ESTRO 2025 - Abstract Book

S100

Invited Speaker

ESTRO 2025

Abstract:

Large Language Models (LLMs) have rapidly transformed multiple areas of healthcare, presenting particular promise within radiation oncology. This talk reviews the state-of-the-art advancements and emerging applications of LLMs within radiation oncology. First, we will explore LLMs as decision-support tools, focusing on their ability to encode radiation oncology knowledge and improve access to scientific evidence. Recent developments in reasoning models and LLM agents, such as those employed in deep research tasks, enable fast synthesis of available evidence, offering clinicians actionable insights grounded in the latest literature.
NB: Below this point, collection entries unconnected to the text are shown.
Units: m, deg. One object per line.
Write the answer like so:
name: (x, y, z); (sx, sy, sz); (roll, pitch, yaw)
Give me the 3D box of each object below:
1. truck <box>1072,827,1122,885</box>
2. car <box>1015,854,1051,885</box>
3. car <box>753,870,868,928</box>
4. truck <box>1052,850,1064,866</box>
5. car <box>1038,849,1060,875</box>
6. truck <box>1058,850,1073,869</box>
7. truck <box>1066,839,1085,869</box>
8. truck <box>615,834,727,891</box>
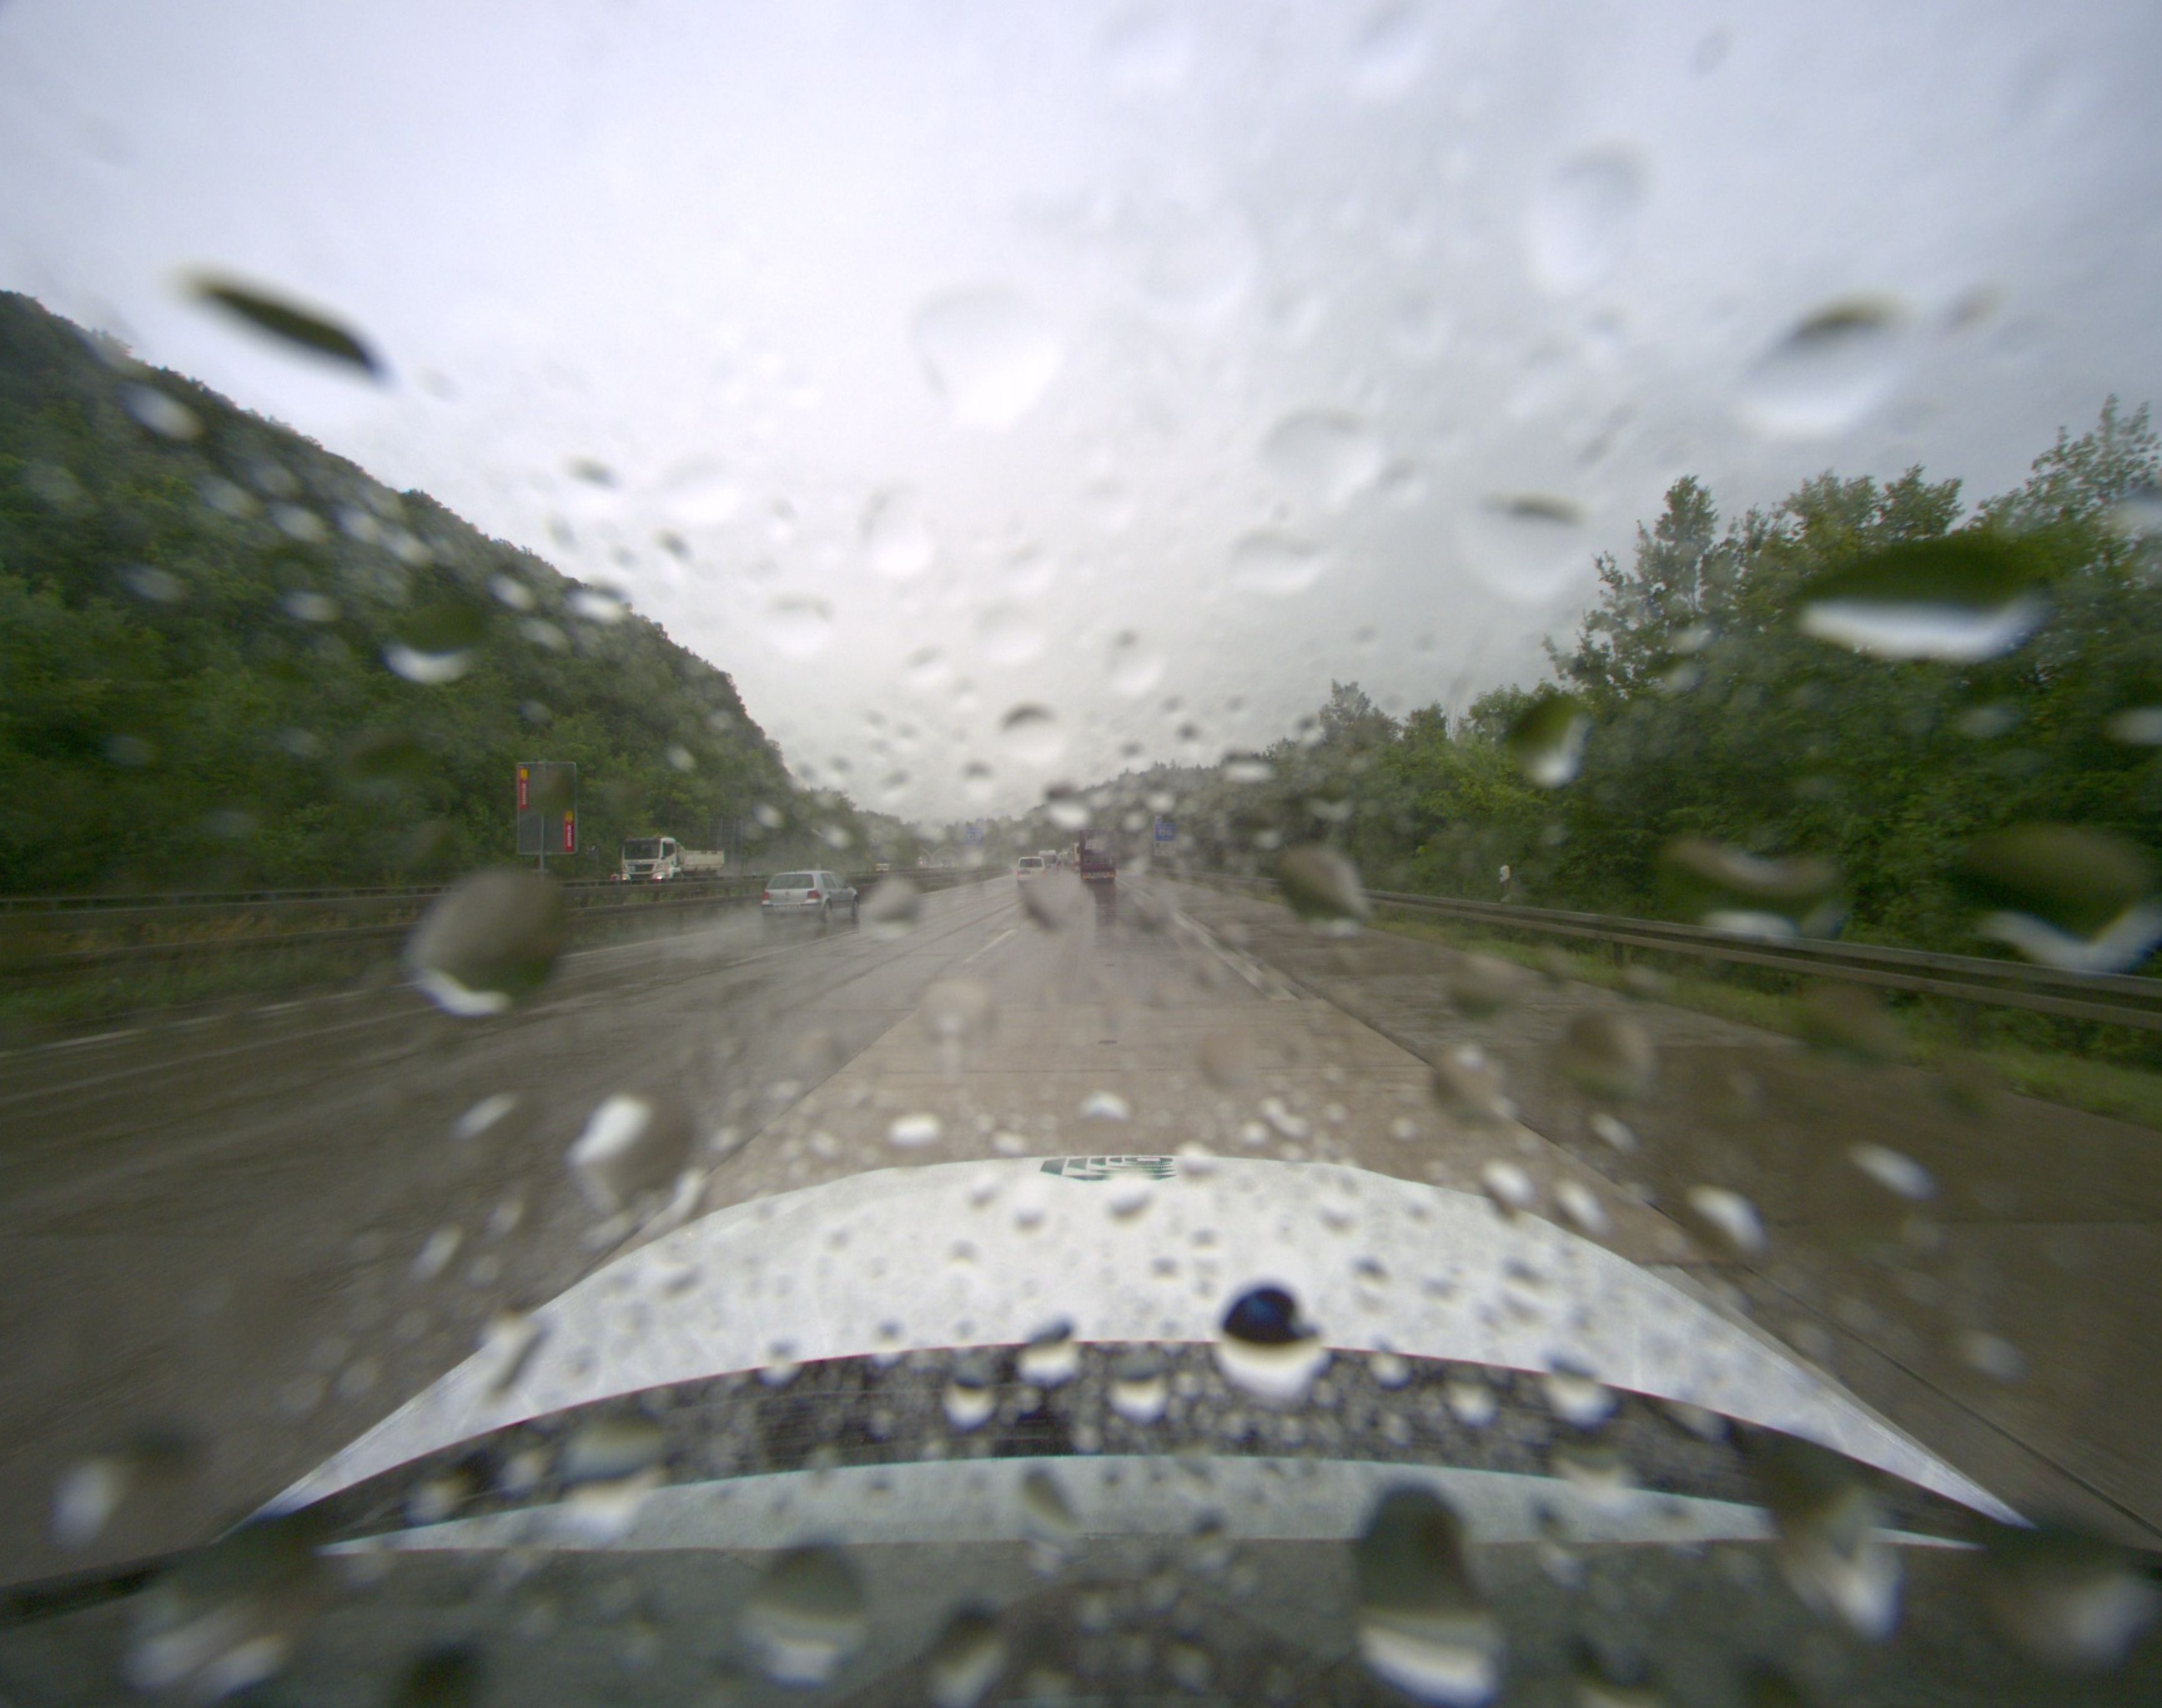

Next, we explore the role of locally fine-tuned LLMs in automating documentation tasks, such as physician letter writing, ensuring both efficiency and compliance with data privacy standards. The integration of LLMs within existing Oncology Information Systems could provide streamlined clinical workflows, reduced administrative burden, and improved communication quality. Lastly, we address emerging LLM applications including standardizing RT structure names and automating parameter extraction from unstructured text, which could significantly accelerate radiation oncology research. Multimodal LLMs, interactive chatbots, and LLM-based avatars could enable transformative applications for patient interaction.

In summary, this review aims to provide a comprehensive overview of current advancements and future directions for leveraging LLM technology in radiation oncology.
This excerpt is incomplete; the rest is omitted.